The judge at the finish line sees everything and can change nothing. Step back up the course (to where the runners are still training, the distance still unset) and you trade the comfort of certainty for the power to shape the race. HTA's deepest leverage isn't at the end, where it knows the most. It's earlier, in the fog, where it can still make a difference.
Early HTA, in one breath.
- HTA doesn't have to be a judge at the finish line. Knowledge and influence run opposite ways over time (the Collingridge dilemma): early on you can shape everything but know almost nothing; late on you know everything but can change almost nothing. The two curves cross, and standard reimbursement HTA deliberately sits at the far-right, high-knowledge, low-influence end.
- Moving left on that curve is two different acts: horizon scanning (the system looks ahead to ready its budgets and pathways: don't get surprised) and early HTA / early modelling (the developer shapes the technology and its evidence, comparator, endpoint, population, price, toward reimbursability).
- An early model's job is direction, not a verdict: it maps where the decision-critical uncertainty lies and steers what evidence to collect next, the EVPI logic of Module 9, used prospectively. "We can't tell yet" is the result, not a failure. A confident early ICER is a misuse.
- The leverage is double-edged: the same early influence that shapes a technology toward value can anchor expectations on optimistic numbers before any evidence exists to check them. Bring patients in early, where they can shape what's even measured; use your own early analysis honestly, and distrust a convenient early model that pre-commits a decision.
Influence runs ahead of knowledge, which is exactly why the earliest moments are both the most powerful and the most dangerous. Look forward in HTA and you can shape what a technology becomes; just remember you're shaping it in the fog, before anyone can see whether you were right.
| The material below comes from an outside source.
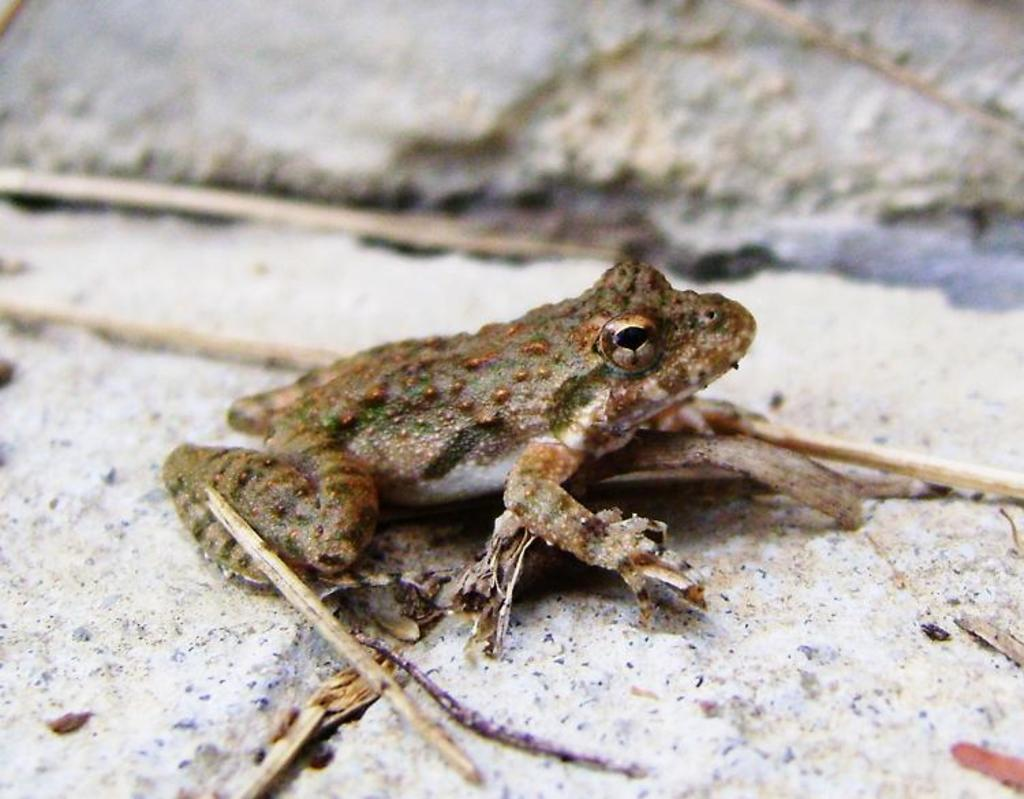What type of animal is in the foreground of the image? There is a frog on the surface in the foreground of the image. What other objects can be seen in the image? There are a few sticks visible in the image. What type of lock is the frog using to secure its belongings in the image? There is no lock or belongings present in the image; it features a frog and some sticks. Can you tell me how many horses are visible in the image? There are no horses present in the image. 
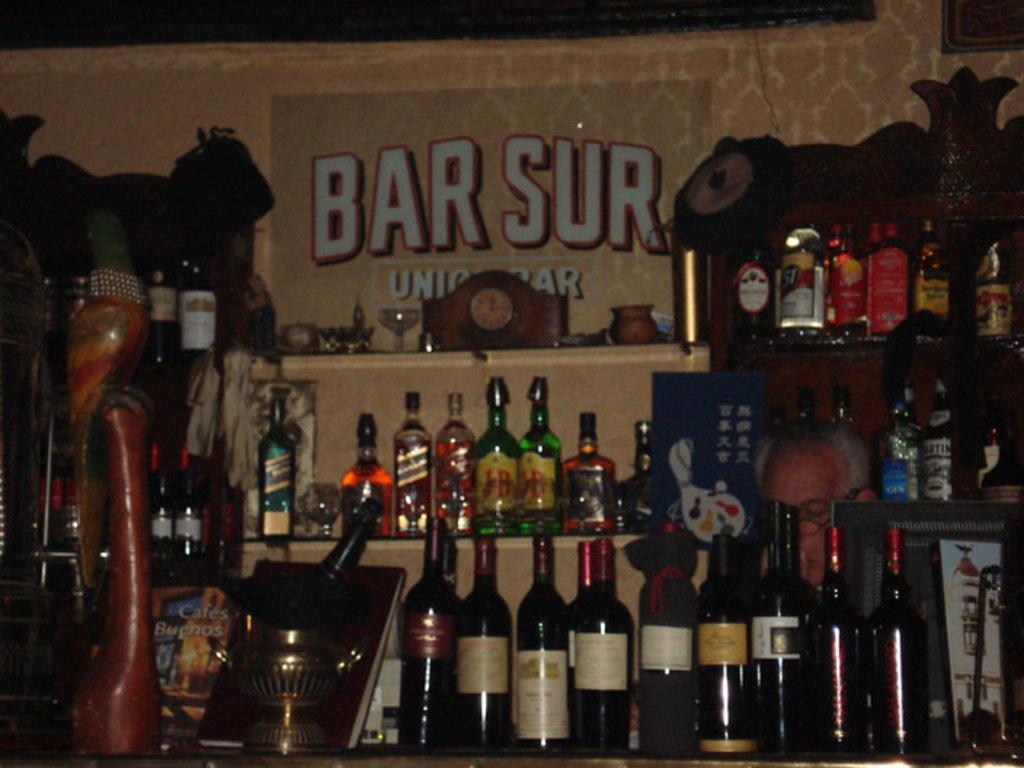In one or two sentences, can you explain what this image depicts? Here is a wine bottles and beer bottles placed in the rack. This looks like a poster attached to the wall. I can see a man here. At the left side I can see some wooden object. 
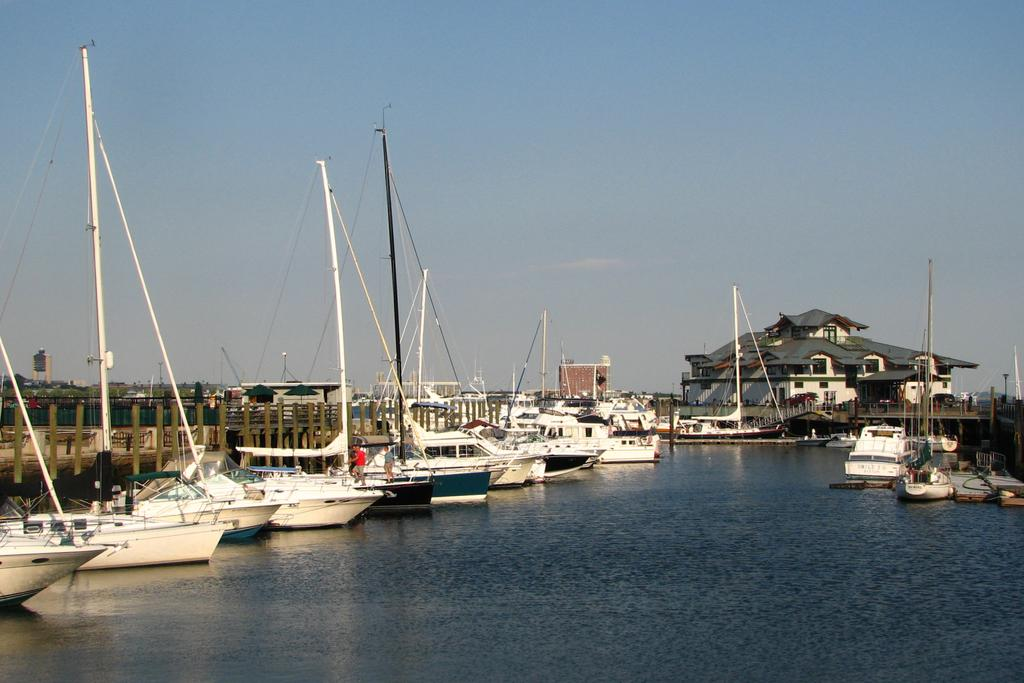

That closes Module 13, the special topics where standard drug-HTA had to bend: diagnostics valued through the treatments they trigger, devices whose effect lives in the hands that use them, decisions no single QALY could hold, fairness the ICER was blind to, and now the whole timeline of when to act at all. You've stretched HTA well past the textbook appraisal. What's left is the craft itself: taking everything you've built and doing the job: reading a manufacturer's submission with a critical eye, writing a recommendation, facing a committee, catching the red flags in a dossier. That's Module 14: the practitioner's workshop, and it's where the course comes home.